Another reason you might pass up a small edge early in a regular tournament is you will probably have a chance to get your money into the pot in a better situation later in the tournament. This assumes you are one of the best players in the tournament, as it will necessitate you outplaying some opponents down the stretch. That logic makes sense, but in a winner-take-all tournament it might be worth it for the best players to take some gambles early, so they have a bigger stack to work with if they do survive. This will enable the better players to take control of the table and see more flops (most good players want to play all of the streets in Hold’em, not just pre-flop).

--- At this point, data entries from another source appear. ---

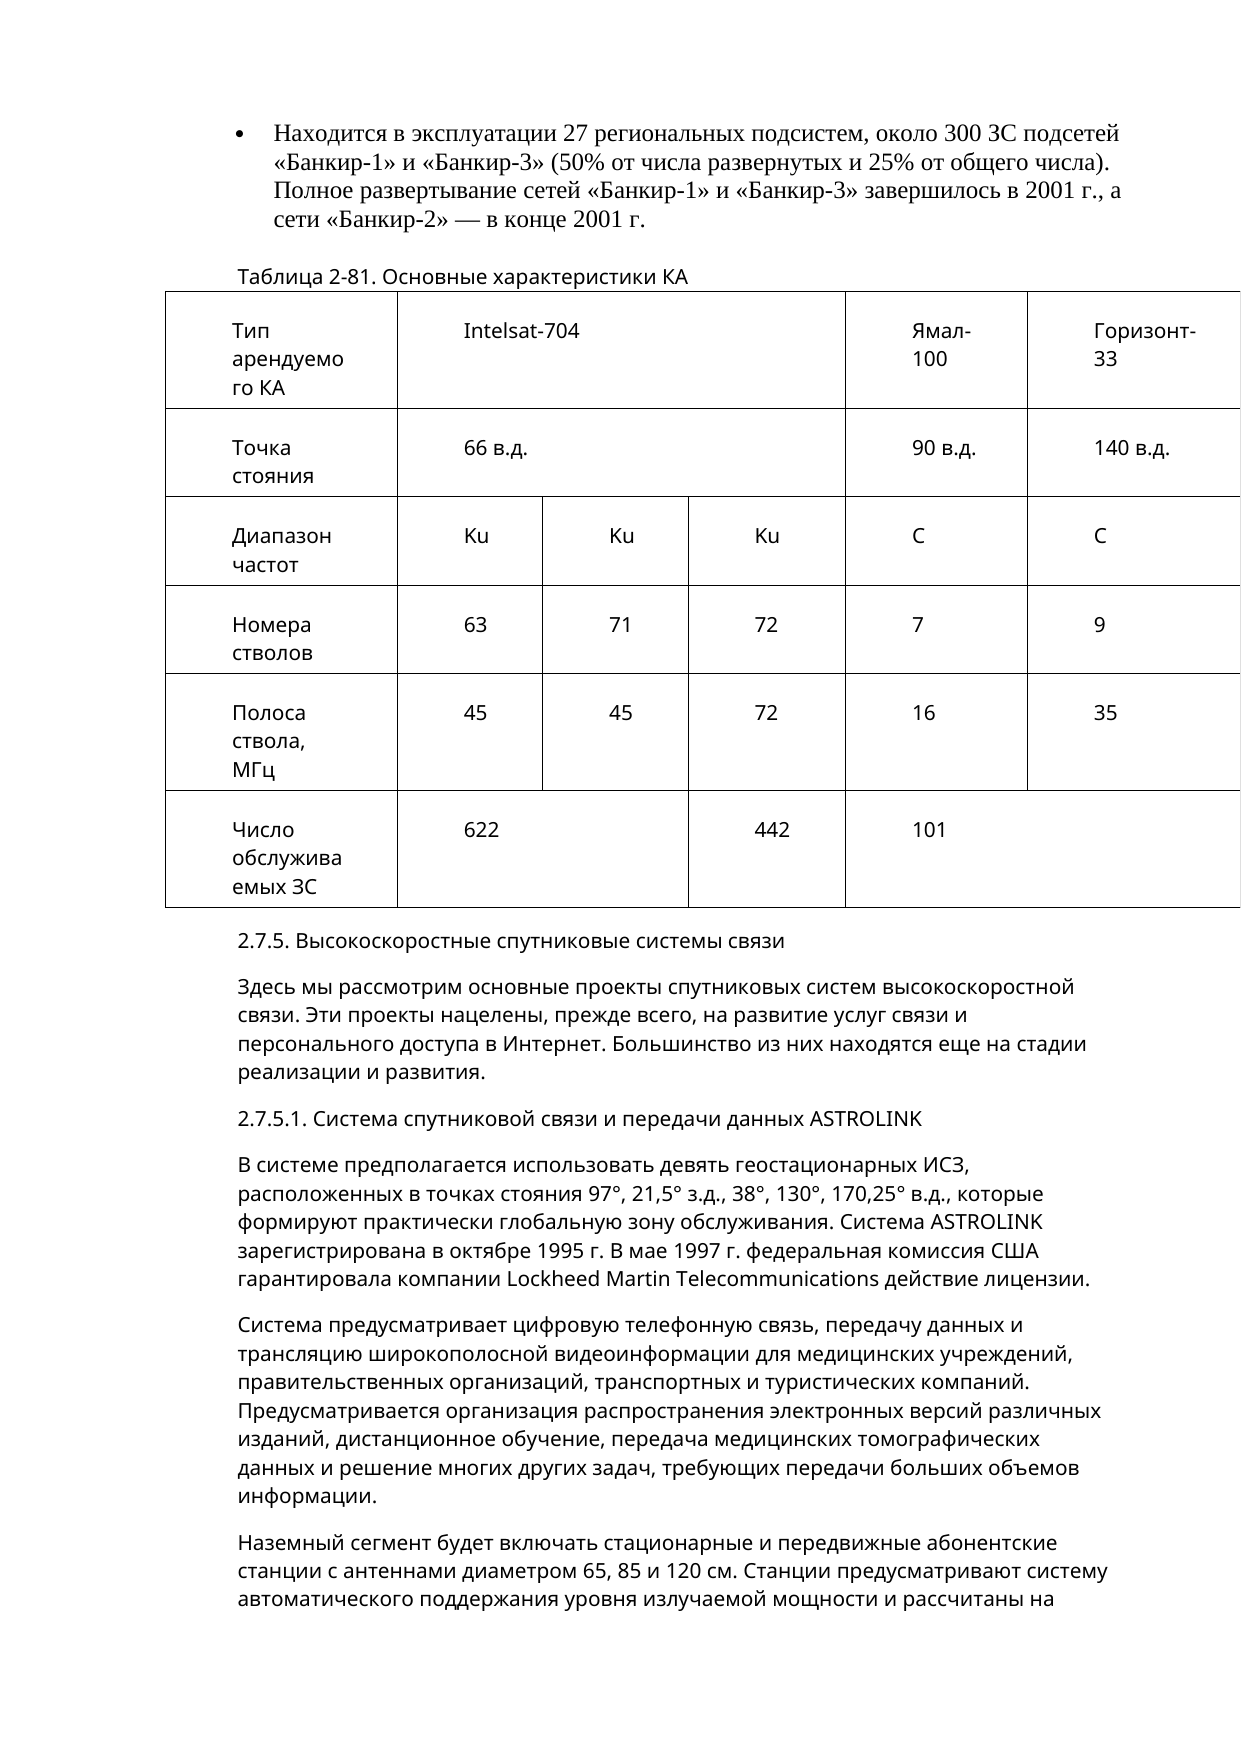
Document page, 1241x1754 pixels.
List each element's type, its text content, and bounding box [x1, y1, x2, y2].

table_cell 71 [543, 586, 688, 673]
table_cell Полоса ствола, МГц [166, 674, 397, 790]
table_cell Ku [543, 497, 688, 584]
table_cell Точка стояния [166, 409, 397, 496]
text 2.7.5.1. Система спутниковой связи и передачи данных ASTROLINK [237, 1104, 1113, 1132]
table_cell 140 в.д. [1028, 409, 1240, 496]
table_cell 72 [689, 674, 845, 790]
table_header Горизонт-33 [1028, 292, 1240, 408]
table_cell 66 в.д. [398, 409, 845, 496]
table_cell Ku [689, 497, 845, 584]
text Таблица 2-81. Основные характеристики КА [237, 262, 1113, 291]
table_cell Диапазон частот [166, 497, 397, 584]
table_header Тип арендуемого КА [166, 292, 397, 408]
table_cell 45 [543, 674, 688, 790]
table_cell Число обслуживаемых ЗС [166, 791, 397, 907]
table_cell 35 [1028, 674, 1240, 790]
table_header Intelsat-704 [398, 292, 845, 408]
table_cell 442 [689, 791, 845, 907]
text Наземный сегмент будет включать стационарные и передвижные абонентские станции с антеннами диаметром 65, 85 и 120 см. Станции предусматривают систему автоматического поддержания уровня излучаемой мощности и рассчитаны на [237, 1528, 1113, 1613]
table_cell C [846, 497, 1027, 584]
table_cell C [1028, 497, 1240, 584]
table_header Ямал-100 [846, 292, 1027, 408]
text Здесь мы рассмотрим основные проекты спутниковых систем высокоскоростной связи. Эти проекты нацелены, прежде всего, на развитие услуг связи и персонального доступа в Интернет. Большинство из них находятся еще на стадии реализации и развития. [237, 972, 1113, 1086]
table_cell 101 [846, 791, 1240, 907]
table_cell 9 [1028, 586, 1240, 673]
table_cell 7 [846, 586, 1027, 673]
text Система предусматривает цифровую телефонную связь, передачу данных и трансляцию широкополосной видеоинформации для медицинских учреждений, правительственных организаций, транспортных и туристических компаний. Предусматривается организация распространения электронных версий различных изданий, дистанционное обучение, передача медицинских томографических данных и решение многих других задач, требующих передачи больших объемов информации. [237, 1311, 1113, 1510]
table_cell Номера стволов [166, 586, 397, 673]
table_cell Ku [398, 497, 542, 584]
table_cell 90 в.д. [846, 409, 1027, 496]
table_cell 45 [398, 674, 542, 790]
list Находится в эксплуатации 27 региональных подсистем, около 300 ЗС подсетей «Банкир-1» и «Банкир-3» (50% от числа развернутых и 25% от общего числа). Полное развертывание сетей «Банкир-1» и «Банкир-3» завершилось в 2001 г., а сети «Банкир-2» — в конце 2001 г. [236, 118, 1152, 233]
text 2.7.5. Высокоскоростные спутниковые системы связи [237, 926, 1113, 954]
text В системе предполагается использовать девять геостационарных ИСЗ, расположенных в точках стояния 97°, 21,5° з.д., 38°, 130°, 170,25° в.д., которые формируют практически глобальную зону обслуживания. Система ASTROLINK зарегистрирована в октябре 1995 г. В мае 1997 г. федеральная комиссия США гарантировала компании Lockheed Martin Telecommunications действие лицензии. [237, 1150, 1113, 1293]
table_cell 622 [398, 791, 688, 907]
table_cell 72 [689, 586, 845, 673]
table_cell 16 [846, 674, 1027, 790]
table_cell 63 [398, 586, 542, 673]

When I have a big stack in these winner-take-all satellites, I make it a point to play a lot of pots with the other big stacks at my table if they’re the kind of player I could double up off of.

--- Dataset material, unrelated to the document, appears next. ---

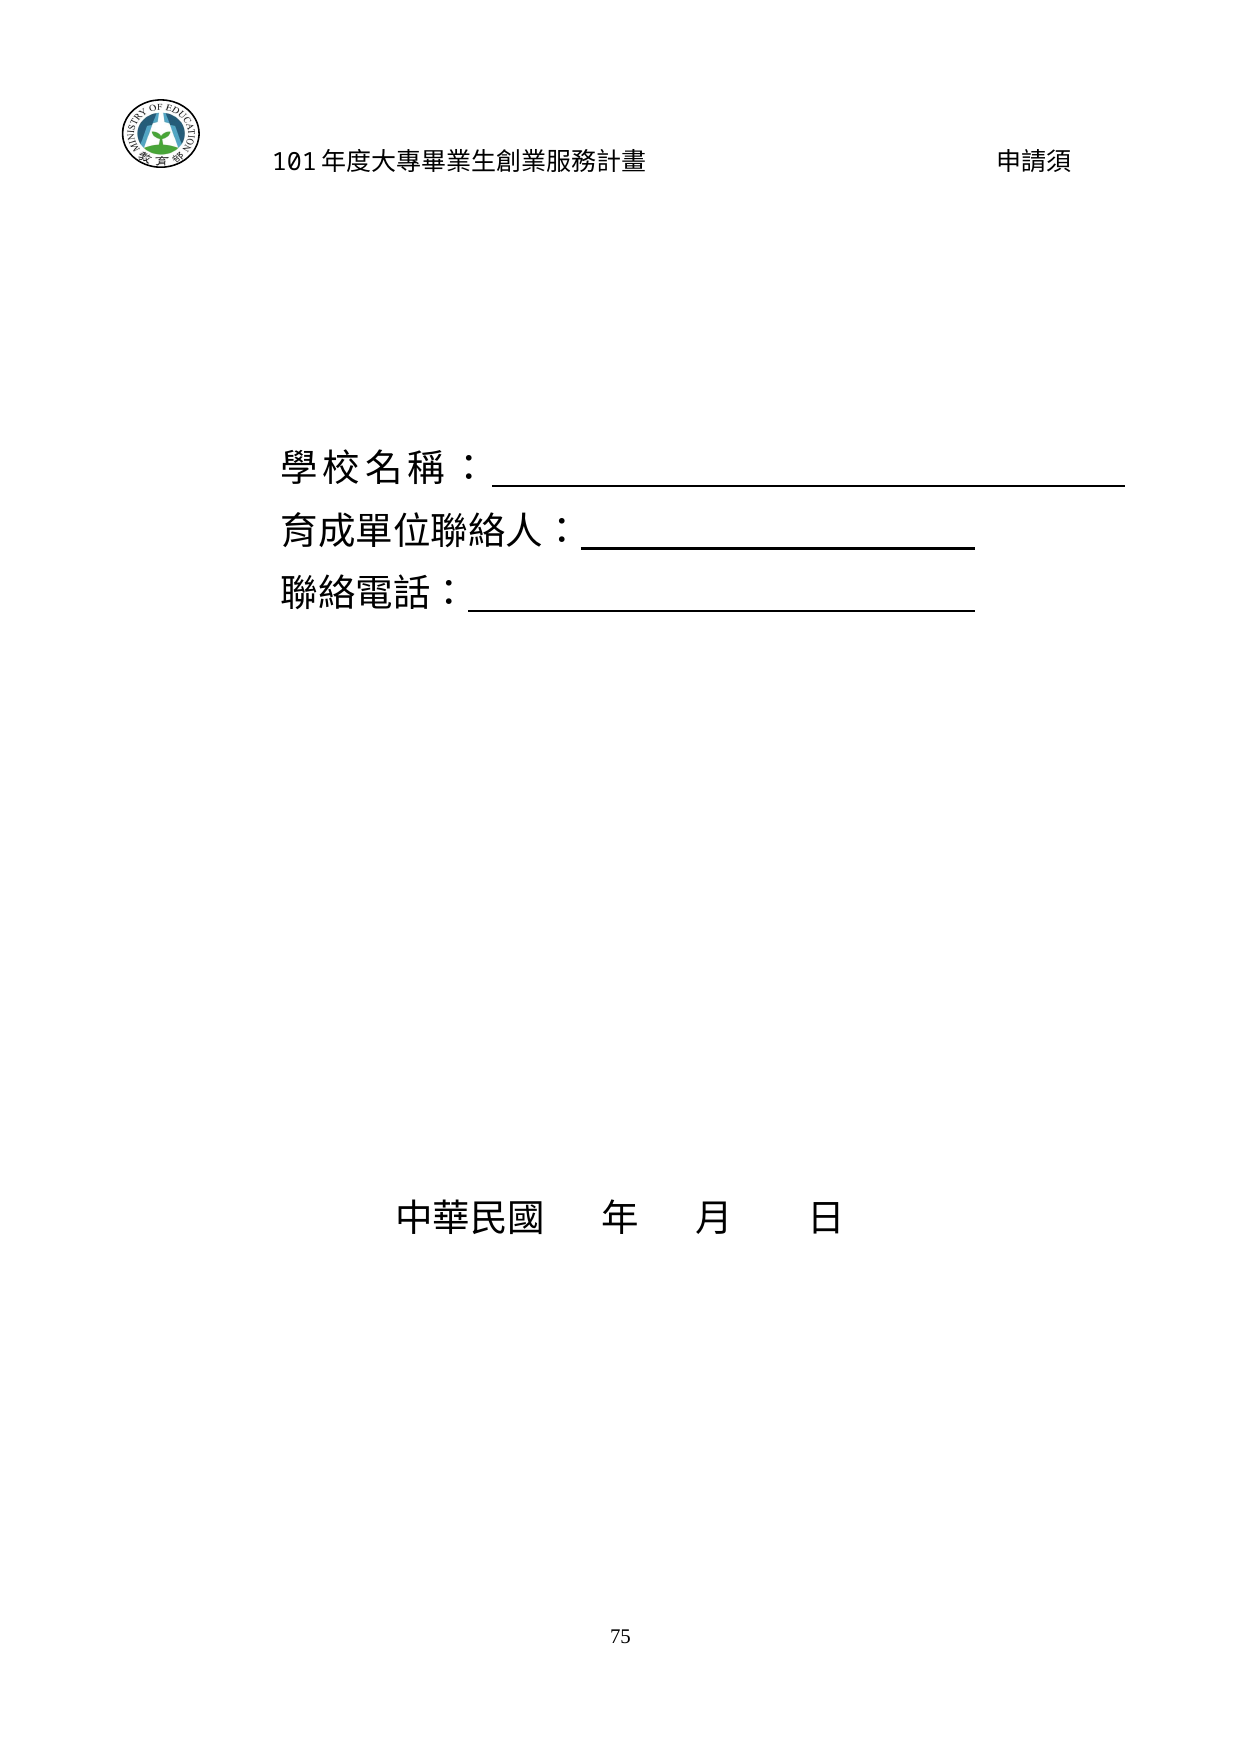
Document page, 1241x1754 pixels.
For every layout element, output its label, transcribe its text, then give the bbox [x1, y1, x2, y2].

text 學校名稱： 育成單位聯絡人： [281, 424, 1122, 549]
text 中華民國 年 月 日 [118, 1174, 1122, 1236]
text 聯絡電話： [281, 549, 1122, 611]

If you had a very large stack late in a super satellite you would probably try to avoid playing hands against other players with big stacks. In a winner-take-all satellite, you should go out of your way to try to play a pot with another big stack. Doubling up against them would put you in a commanding chip position.

In the winner-take-all World Series of Poker satellite I won in 2005, I was chip leader with about 25 players out of the original 280 left and I purposely tried to see a lot of flops with the second largest chip stack. If he raised, I would call with small pairs or suited connectors and try to bust him. Occasionally, this gave me a good opportunity to steal from him as well. I finally got him when I flopped a set with my 99. He had 77 and was tired of me winning pots against him, so he check-raised me all-in on a flop of 9-T-3 and I was happy to call him. I made it to the final table with more than 50 percent of the chips in play. Had this been a super satellite, I would have folded the hand pre-flop. If this situation occurred in a regular tournament, it would have been a difficult decision.

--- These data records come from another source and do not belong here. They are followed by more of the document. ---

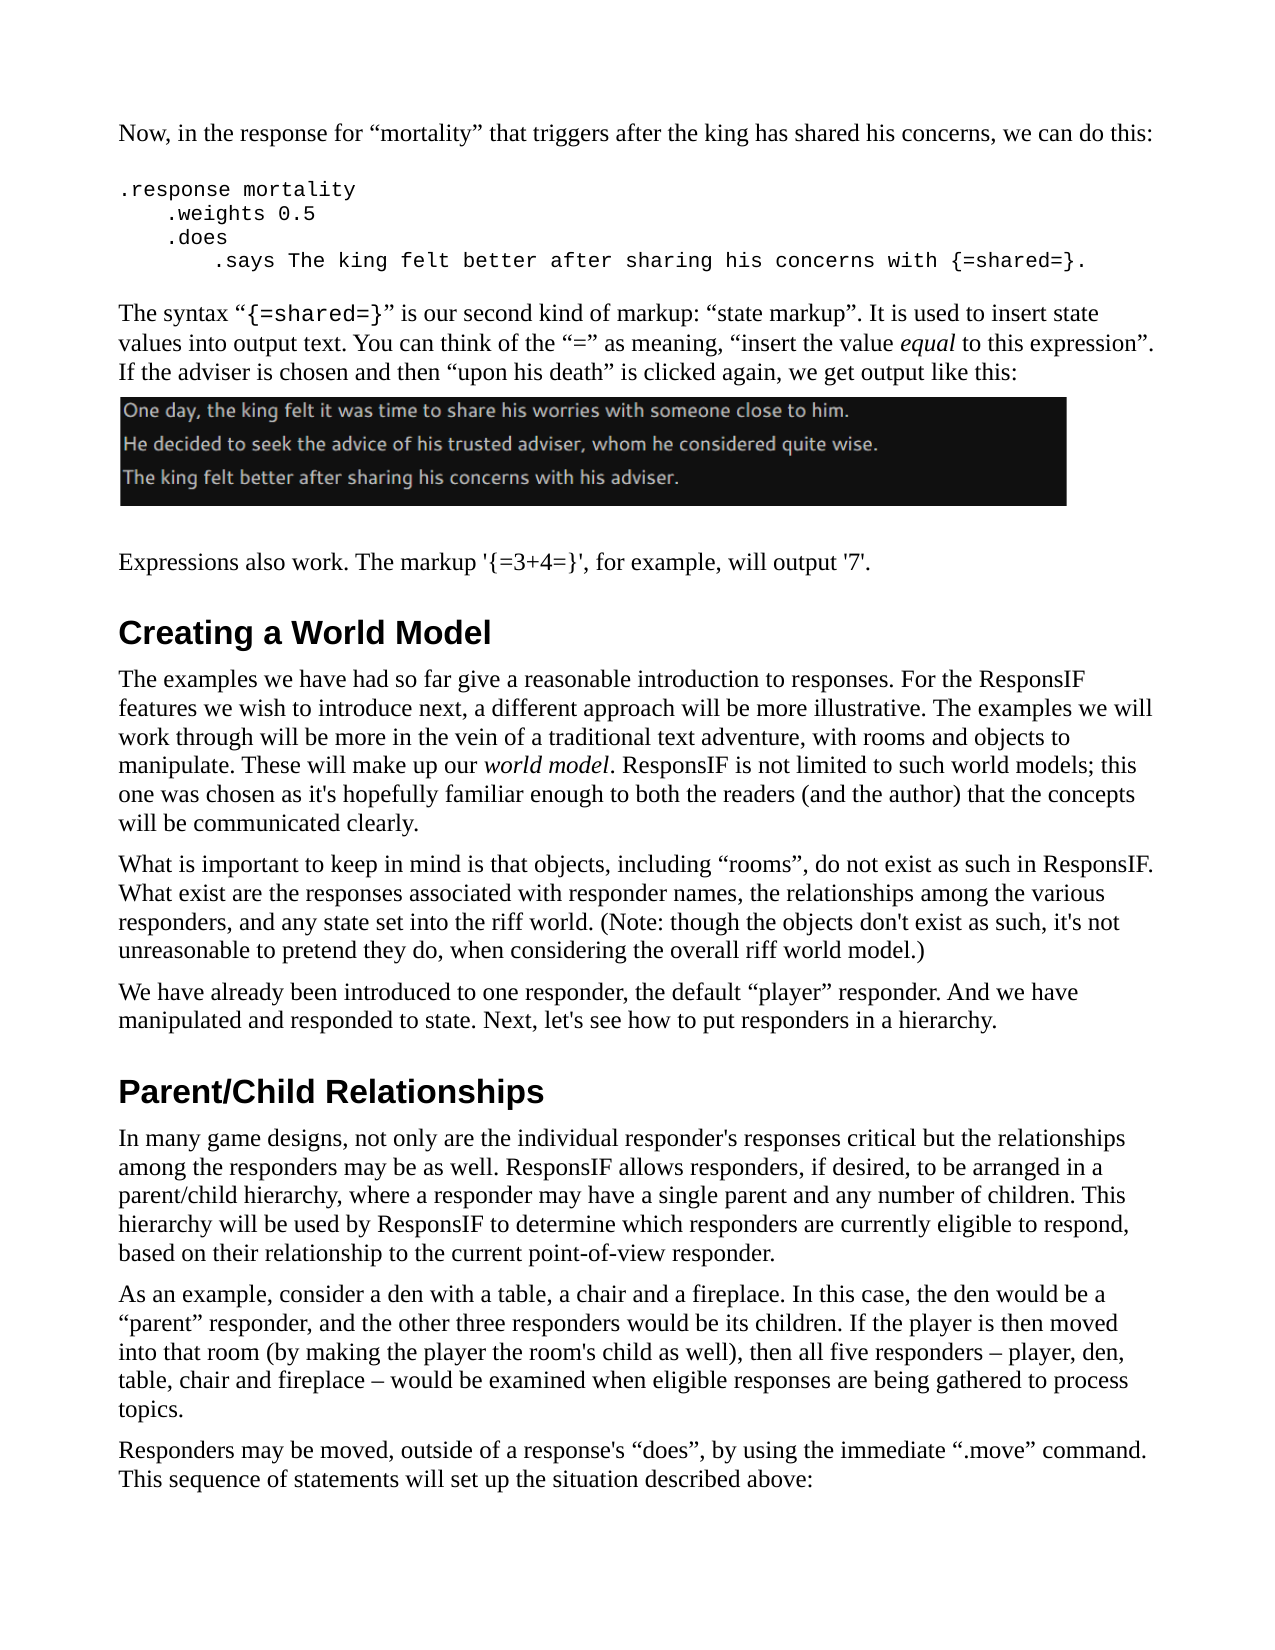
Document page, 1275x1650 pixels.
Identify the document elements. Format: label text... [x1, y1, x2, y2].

text .says The king felt better after sharing his concerns with {=shared=}. [118, 250, 1157, 274]
text .response mortality [118, 179, 1157, 203]
text We have already been introduced to one responder, the default “player” responder. And we have manipulated and responded to state. Next, let's see how to put responders in a hierarchy. [118, 977, 1157, 1034]
subtitle Creating a World Model [118, 613, 1157, 652]
text Responders may be moved, outside of a response's “does”, by using the immediate “.move” command. This sequence of statements will set up the situation described above: [118, 1435, 1157, 1493]
text The examples we have had so far give a reasonable introduction to responses. For the ResponsIF features we wish to introduce next, a different approach will be more illustrative. The examples we will work through will be more in the vein of a traditional text adventure, with rooms and objects to manipulate. These will make up our world model. ResponsIF is not limited to such world models; this one was chosen as it's hopefully familiar enough to both the readers (and the author) that the concepts will be communicated clearly. [118, 664, 1157, 837]
picture [120, 397, 1067, 506]
subtitle Parent/Child Relationships [118, 1072, 1157, 1110]
text .weights 0.5 [118, 203, 1157, 227]
text What is important to keep in mind is that objects, including “rooms”, do not exist as such in ResponsIF. What exist are the responses associated with responder names, the relationships among the various responders, and any state set into the riff world. (Note: though the objects don't exist as such, it's not unreasonable to pretend they do, when considering the overall riff world model.) [118, 849, 1157, 964]
text Now, in the response for “mortality” that triggers after the king has shared his concerns, we can do this: [118, 118, 1157, 147]
text .does [118, 227, 1157, 250]
text Expressions also work. The markup '{=3+4=}', for example, will output '7'. [118, 547, 1157, 576]
text In many game designs, not only are the individual responder's responses critical but the relationships among the responders may be as well. ResponsIF allows responders, if desired, to be arranged in a parent/child hierarchy, where a responder may have a single parent and any number of children. This hierarchy will be used by ResponsIF to determine which responders are currently eligible to respond, based on their relationship to the current point-of-view responder. [118, 1123, 1157, 1267]
text The syntax “{=shared=}” is our second kind of markup: “state markup”. It is used to insert state values into output text. You can think of the “=” as meaning, “insert the value equal to this expression”. If the adviser is chosen and then “upon his death” is clicked again, we get output like this: [118, 298, 1157, 385]
text As an example, consider a den with a table, a chair and a fireplace. In this case, the den would be a “parent” responder, and the other three responders would be its children. If the player is then moved into that room (by making the player the room's child as well), then all five responders – player, den, table, chair and fireplace – would be examined when eligible responses are being gathered to process topics. [118, 1279, 1157, 1423]

You should also be stealing as much as possible without drawing a lot of attention to yourself. It’s okay to be labeled as an aggressive player by your opponents, but you don’t want them to think you’re a maniac. You want them to both respect and fear you. Being the bettor rather than the caller gives you two chances to win the hand: having the best hand at showdown or getting your opponent to fold. So once the ante kicks in, raise with a speculative hand at least once an orbit, if not twice, as long as you are getting some respect. Don’t be afraid to follow through with a bet on the flop if you missed it. This is a rare type of tournament where the reward for winning a pot is greater than the consequences of losing additional chips.

You should do what you can to accumulate a big stack in a winner-take-all tournament, but that doesn’t mean all hope is lost if you get knocked down to a small stack. Hundreds of players come back from having short stacks to win poker tournaments every day. If you find yourself with a short stack try to recognize which players will call all-in short stacks with marginal hands and which ones will fold. If your stack contains three big blinds or less, recognize that you will almost certainly be called by the big blind, because he has the pot odds to do so. In that case, try to wait until you have a reasonably good hand, unless a high-ante structure is bleeding away your chips quickly. If you don’t get any good hands before you have to post the big blind, you must call all-in on that hand. Folding will bring you down to a two big blind stack or less, which is a point where doubling up doesn’t really help you that much. You are pot-committed.

Finally, you should always keep this in mind when playing a winner-take-all satellite: Getting knocked out is no big deal! There’s no shame in getting knocked out in the first hour. You get the same prize as the guy who finished second, it just took him a lot longer to do it. Often these types of tournaments are freerolls anyway. Just make sure that if you go down, you go down swinging.

The cards will eventually align to give you an opportunity to win a winner-take-all satellite if you play this strategy. You can’t win every one of these tournaments, but you should always play like you expect to.